Carolyn Colvin, Commissioner (acting)


(Liz Lynch)

Down 9,000 employees as a result of a three-year hiring freeze and facing burgeoning numbers of retiring baby boomers might seem like an unwelcome burden to an acting administrator, but in Colvin’s return engagement with SSA, she’s loving it.

“The Social Security Administration is the best organization I’ve had the privilege of working in,” said Colvin, 71, who has served as acting commissioner since February after her initial stint with the agency from 1994 to 2001. She is also on SSA’s board of trustees. “It’s very rare to have a second tour of duty at an agency and to see some of the ideas and seeds becoming institutionalized. That has been very, very gratifying.

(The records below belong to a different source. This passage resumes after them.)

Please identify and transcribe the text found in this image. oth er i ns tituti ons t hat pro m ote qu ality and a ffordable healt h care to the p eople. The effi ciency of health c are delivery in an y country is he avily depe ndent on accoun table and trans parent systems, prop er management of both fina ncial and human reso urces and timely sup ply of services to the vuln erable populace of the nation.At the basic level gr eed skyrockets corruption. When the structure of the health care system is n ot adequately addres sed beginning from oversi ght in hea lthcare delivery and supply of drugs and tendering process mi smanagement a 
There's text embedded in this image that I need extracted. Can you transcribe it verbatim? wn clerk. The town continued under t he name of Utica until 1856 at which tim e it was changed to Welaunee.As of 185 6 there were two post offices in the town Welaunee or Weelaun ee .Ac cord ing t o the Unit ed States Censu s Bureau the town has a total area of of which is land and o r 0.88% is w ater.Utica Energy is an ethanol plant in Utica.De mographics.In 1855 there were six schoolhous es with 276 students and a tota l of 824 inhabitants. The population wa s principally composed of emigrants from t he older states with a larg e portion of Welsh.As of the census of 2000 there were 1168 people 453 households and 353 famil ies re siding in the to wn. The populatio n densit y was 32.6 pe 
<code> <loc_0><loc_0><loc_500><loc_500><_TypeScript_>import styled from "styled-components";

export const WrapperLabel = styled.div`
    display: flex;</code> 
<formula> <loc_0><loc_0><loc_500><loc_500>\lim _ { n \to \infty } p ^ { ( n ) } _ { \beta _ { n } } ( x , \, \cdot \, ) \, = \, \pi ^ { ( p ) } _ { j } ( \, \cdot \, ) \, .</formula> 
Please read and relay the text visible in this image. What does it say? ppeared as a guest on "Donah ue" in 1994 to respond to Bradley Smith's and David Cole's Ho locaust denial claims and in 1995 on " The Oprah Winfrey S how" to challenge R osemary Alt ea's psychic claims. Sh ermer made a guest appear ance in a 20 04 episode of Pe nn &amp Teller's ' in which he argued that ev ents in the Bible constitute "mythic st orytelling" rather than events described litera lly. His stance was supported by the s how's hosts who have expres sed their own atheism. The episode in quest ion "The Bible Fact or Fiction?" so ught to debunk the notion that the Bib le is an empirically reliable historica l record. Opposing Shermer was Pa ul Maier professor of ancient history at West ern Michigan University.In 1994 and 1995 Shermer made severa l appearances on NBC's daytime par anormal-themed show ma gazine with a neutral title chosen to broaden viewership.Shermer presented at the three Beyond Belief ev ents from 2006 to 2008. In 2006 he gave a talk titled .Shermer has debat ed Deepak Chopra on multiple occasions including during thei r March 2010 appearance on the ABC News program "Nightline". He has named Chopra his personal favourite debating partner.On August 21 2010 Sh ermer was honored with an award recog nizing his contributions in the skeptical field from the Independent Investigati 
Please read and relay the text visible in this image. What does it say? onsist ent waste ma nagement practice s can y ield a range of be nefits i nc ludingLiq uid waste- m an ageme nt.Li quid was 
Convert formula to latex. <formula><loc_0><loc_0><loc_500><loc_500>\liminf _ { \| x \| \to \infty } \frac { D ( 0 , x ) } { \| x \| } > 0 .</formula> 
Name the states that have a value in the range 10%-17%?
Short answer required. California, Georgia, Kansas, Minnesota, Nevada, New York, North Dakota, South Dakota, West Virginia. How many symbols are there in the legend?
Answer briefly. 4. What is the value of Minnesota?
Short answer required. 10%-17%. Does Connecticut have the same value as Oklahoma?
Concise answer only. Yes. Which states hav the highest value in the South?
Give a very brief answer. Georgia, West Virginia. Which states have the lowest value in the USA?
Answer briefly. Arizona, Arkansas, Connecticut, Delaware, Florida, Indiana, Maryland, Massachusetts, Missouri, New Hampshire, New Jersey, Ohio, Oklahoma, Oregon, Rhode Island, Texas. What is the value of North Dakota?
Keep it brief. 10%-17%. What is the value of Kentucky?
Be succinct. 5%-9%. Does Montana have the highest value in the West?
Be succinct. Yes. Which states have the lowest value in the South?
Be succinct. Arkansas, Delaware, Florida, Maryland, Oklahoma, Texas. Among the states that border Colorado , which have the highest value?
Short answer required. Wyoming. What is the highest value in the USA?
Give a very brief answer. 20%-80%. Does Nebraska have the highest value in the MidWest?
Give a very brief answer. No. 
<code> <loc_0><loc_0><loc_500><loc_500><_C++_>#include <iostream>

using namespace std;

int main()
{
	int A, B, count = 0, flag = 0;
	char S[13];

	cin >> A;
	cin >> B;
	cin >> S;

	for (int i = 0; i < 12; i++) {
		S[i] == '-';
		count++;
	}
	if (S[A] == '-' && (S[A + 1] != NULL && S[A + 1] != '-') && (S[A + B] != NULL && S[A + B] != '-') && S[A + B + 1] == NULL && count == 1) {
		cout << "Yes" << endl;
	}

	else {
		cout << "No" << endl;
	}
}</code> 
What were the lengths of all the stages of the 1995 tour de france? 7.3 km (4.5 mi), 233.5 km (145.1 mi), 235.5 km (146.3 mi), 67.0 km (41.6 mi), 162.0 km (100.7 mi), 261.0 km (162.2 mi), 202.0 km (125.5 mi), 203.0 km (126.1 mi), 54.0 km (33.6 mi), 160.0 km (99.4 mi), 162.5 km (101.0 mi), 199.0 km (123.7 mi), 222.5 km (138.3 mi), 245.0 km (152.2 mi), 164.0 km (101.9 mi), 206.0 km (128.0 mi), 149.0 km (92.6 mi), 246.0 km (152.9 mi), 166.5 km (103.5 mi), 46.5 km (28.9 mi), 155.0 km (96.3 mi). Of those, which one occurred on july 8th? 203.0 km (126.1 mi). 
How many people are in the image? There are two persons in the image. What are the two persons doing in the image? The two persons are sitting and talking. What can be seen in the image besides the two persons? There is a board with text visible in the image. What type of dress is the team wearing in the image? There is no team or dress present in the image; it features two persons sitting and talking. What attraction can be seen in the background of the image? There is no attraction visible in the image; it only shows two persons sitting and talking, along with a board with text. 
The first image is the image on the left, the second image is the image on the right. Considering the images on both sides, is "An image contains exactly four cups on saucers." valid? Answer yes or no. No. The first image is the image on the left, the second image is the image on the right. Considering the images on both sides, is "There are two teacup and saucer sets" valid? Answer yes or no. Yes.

It means something I thought was the right thing to do was just that.”


Colvin, a native Marylander, pursued a career in social services while raising two sons and taking a 14-year night-school route to a B.A. and M.B.A. at Morgan State University. A job with the Baltimore city government helped to pay for tuition, and she eventually rose to become secretary of Maryland’s Department of Human Resources before joining SSA.

Then and now, Colvin concentrates on improving services at the agency’s 1,400 field offices, which provide benefits to more than 55 million people. Specifics such as in-person or telephone wait times, staff attitude, turnaround times to resolution—even if not favorable—matter to people, she says. She is lauded as an in-the-field leader of her staff. “I’m not a behind-the-desk kind of person,” she said.

Colvin left federal service to take over the District of Columbia’s troubled Human Services Department for two years, then moved on to executive positions with the Montgomery County, Md., Department of Health and Human Services, D.C.’s Amerigroup HMO, and Maryland’s Transportation Department. Since her December 2011 confirmation as deputy SSA commissioner, Colvin has focused on making “drastic changes,” given tightening budgets and an aging agency workforce.


When Colvin, a widow, finally begins to draw benefits as a retiree, she expects to travel, spend time with her five grandchildren, and work even more with organizations such as one that provides affordable housing in Anne Arundel County, Md., where she lives.

A simple credo drives Colvin’s management style and commitment to service: “There’s nothing more gratifying than making someone’s life better.”